Coming into the wharf last Sunday I was distracted by massive humpback whales blowing and breaching clear out of the water. Every year a half dozen of the mammoth mammals gather off the island to rear their young before starting back to the frigid arctic waters where they live. Locals and tourists alike gather along the coral beaches to watch their antics during the few weeks they are here.
The island itself is mountainous with many peaks and jagged ridges rising a few thousand feet above the sea. The semi-tropical environment supports a lush green jungle that is in deep contrast to the deep blue sea surrounding the island just past the coral barrier reef. The lagoon is very shallow and the aquamarine ribbon rings the island providing great swimming and snorkeling.
The Cook Island people continue to show the extreme hospitality of the Polynesian people and here there is no language barrier. The people, economy, and culture are heavily influenced by New Zealand and I can't help but smile when I hear the heavily kiwi accented, "hey, how ya goin". The people are almost universally gregarious and have a strong love for their cold beer and parties. Every night brings out the locals for happy hour and live music. It has become a very easy place to pass the time.

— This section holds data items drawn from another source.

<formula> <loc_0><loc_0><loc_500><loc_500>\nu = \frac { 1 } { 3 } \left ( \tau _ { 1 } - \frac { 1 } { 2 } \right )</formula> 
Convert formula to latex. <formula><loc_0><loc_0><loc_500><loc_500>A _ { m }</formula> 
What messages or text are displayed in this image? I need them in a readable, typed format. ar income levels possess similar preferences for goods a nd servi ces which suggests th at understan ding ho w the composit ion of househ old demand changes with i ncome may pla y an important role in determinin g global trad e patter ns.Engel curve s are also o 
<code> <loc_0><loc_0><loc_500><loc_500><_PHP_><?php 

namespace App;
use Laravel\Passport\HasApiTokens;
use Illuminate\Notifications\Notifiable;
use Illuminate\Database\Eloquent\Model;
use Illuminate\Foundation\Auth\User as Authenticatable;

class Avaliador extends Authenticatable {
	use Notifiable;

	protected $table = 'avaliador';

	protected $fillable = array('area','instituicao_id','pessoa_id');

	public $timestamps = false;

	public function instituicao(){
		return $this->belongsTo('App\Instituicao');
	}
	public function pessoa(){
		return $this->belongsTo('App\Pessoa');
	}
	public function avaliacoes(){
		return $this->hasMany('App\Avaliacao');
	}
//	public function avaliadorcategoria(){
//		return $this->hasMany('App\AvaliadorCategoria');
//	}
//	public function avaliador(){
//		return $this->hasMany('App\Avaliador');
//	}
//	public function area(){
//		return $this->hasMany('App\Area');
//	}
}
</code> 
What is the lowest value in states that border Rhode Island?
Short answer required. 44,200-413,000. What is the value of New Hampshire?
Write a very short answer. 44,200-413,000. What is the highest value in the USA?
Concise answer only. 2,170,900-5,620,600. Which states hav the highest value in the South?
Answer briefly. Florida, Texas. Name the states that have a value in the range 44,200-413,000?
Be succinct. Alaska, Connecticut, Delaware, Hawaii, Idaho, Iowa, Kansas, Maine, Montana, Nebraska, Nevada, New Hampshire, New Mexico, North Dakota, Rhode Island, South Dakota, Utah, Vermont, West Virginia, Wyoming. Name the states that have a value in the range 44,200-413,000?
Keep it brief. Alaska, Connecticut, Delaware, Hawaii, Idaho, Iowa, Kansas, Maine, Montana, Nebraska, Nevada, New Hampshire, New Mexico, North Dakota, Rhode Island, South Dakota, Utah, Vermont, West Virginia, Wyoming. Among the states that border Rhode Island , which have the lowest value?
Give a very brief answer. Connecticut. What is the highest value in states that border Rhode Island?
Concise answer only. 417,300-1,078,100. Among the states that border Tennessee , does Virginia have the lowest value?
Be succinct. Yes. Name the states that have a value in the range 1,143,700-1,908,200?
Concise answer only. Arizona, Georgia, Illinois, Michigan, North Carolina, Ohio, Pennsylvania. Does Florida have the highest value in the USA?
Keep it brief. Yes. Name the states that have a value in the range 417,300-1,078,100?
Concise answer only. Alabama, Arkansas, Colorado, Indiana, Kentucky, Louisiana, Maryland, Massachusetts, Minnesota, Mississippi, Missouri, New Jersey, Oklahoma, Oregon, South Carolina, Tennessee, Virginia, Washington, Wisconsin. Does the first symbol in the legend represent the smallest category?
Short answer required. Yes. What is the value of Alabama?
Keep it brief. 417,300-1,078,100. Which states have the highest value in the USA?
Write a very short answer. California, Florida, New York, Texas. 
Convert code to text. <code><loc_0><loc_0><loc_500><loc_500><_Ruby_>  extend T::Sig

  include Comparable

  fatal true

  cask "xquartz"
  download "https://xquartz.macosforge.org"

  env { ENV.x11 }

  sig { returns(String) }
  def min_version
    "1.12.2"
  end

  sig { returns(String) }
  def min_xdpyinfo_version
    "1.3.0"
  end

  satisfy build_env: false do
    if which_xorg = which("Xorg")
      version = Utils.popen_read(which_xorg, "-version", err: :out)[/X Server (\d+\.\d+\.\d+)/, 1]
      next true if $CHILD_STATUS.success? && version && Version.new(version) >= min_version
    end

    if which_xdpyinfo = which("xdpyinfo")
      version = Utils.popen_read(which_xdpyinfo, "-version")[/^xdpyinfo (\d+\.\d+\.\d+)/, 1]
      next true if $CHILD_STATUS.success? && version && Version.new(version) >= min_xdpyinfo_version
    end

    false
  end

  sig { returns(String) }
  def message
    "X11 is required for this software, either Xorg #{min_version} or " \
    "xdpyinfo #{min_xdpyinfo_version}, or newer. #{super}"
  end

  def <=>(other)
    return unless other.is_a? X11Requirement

The passage from Bora Bora took a little over five days as the winds died two days out from the island. I kicked the old motor on and began the long slow motor. Just one day out the my five year old batteries gave up the ghost by blowing their tops and melting off one of the terminals. They were shot beyond hope of repair. On arrival I rented a little 250 cc motorbike and began the hunt for some new deep cycle batteries. Of five automotive stores on the island only one imported deep cycle batteries. $940 USD later I have a new 420 amp hour bank, but it is a big shot to the cruising kitty. Oh well, had to be done.
I've got the little bike until Wednesday and still want to tour the island a bit more and do a hike right across the center to the South side. Come Thursday or Friday I'll try to depart for Palmerston Atoll some 270 miles to the Northwest. My Pacific cruise is coming to an end and I am ready for it. Having visited Palmerston, Nuie, and Tonga I'll head for New Zealand around the 1st of November to wait out the cyclone season and prepare the boat for SE Asia.